Healthcare's Big Data Problem
There are opportunities for immediate financial benefits as well. Rush has built a surveillance application that allows executives to look at all claims across the network and see if they were paid as expected. "It allows us to calculate an expected payment," Estes explains. "This application allows us to aggregate all the issues and work with payers on behalf of all our members at the same time. For instance, here are the 200 claims we found that were not paid in the right way. That is a big benefit to any physician practice because it doesn't force them to chase underpays one by one."
Such underpays are small individually but big in the aggregate, he stresses.
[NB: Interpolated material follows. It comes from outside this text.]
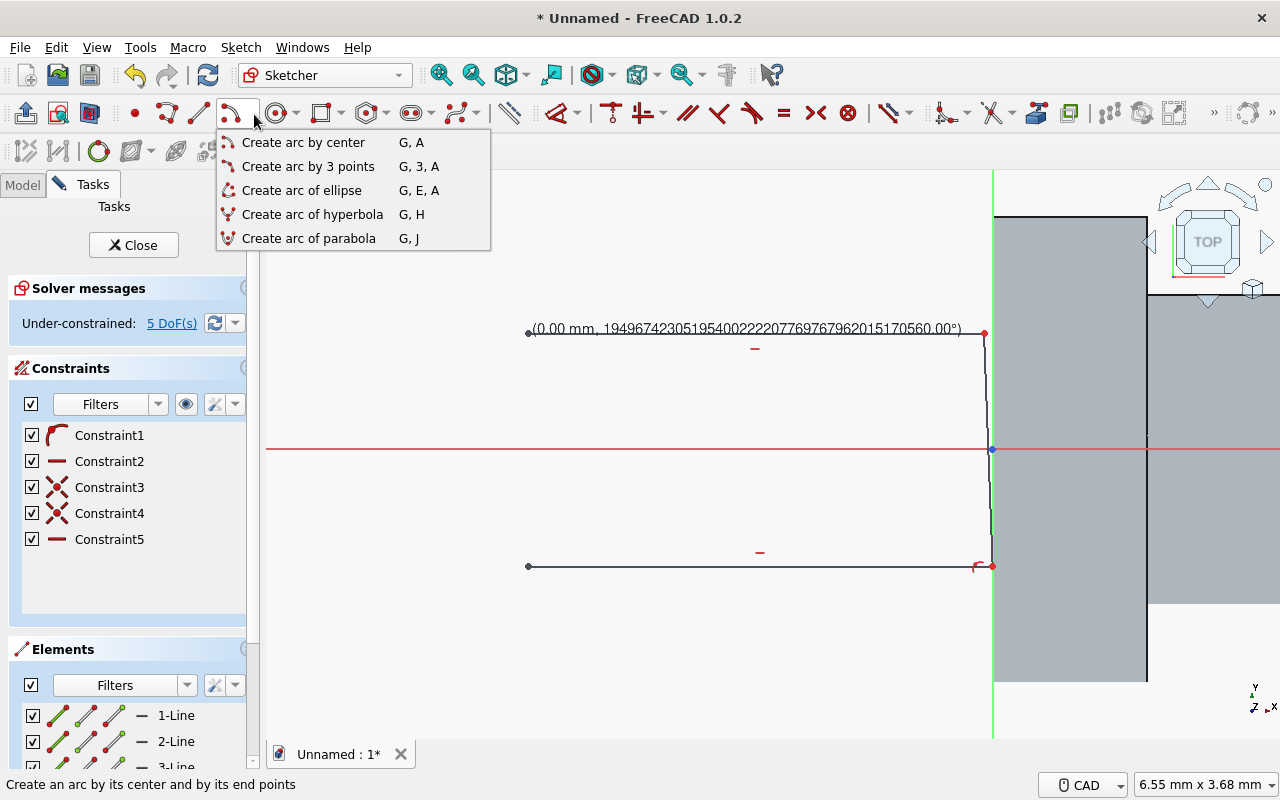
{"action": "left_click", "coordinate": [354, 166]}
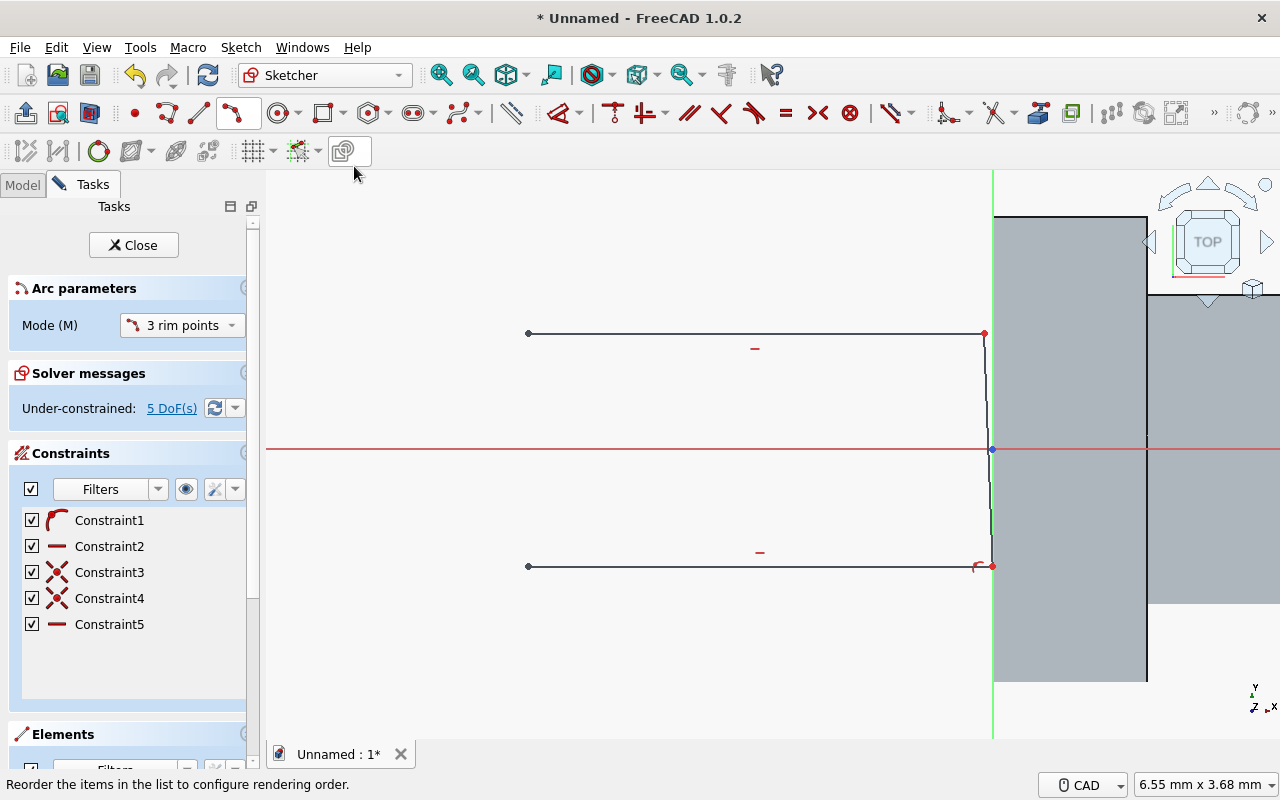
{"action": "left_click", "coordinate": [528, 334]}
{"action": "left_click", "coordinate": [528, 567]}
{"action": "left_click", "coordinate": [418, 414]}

In addition, executives can look into productivity and outcomes both organizationwide and on the individual level. More important over time will be its ability to allow executives to monitor growth in terms of new patients over time, and per capita cost.
"Those will be two things important for me to focus on," Estes says. "If we want to take population management and get ready for
ACOs, whatever those end up being, or direct contracting or direct-to-consumer work, we need to focus on clinical data and change how care is delivered to reduce costs and improve outcomes."
Graduating from process to prevention
Ryan Leslie says success with population health strategies will hinge on enabling effective decision-making by clinicians, both in real time and for planning purposes. Leslie is vice president of analytics and health economics at Seton Healthcare Family, a 10-hospital system based in Austin, Texas, which has been working recently with IBM on the problem. Using the same software components that run the famous Watson computer of Jeopardy! fame, Seton is helping its clinicians identify patients who would benefit most from extra attention following discharge. The program started with congestive heart failure patients, and Leslie hopes to expand to other disease states.
"A lot of it is about enabling decision-making," he says. "It's taking the whole universe of information we have and cutting out what's extraneous and giving clinicians the information they need to make decisions."
Taking unstructured clinical information and connecting that with billing or administrative information and social demographic information, "you start connecting all those things together and you get a more complete picture of the patient as a person, rather than as a recipient of a bill," he says. "That's been the exciting thing recently. You realize that a patients' success or failure may not have to do with the care plan details or the clinical attributes of the patient as much as the social attributes."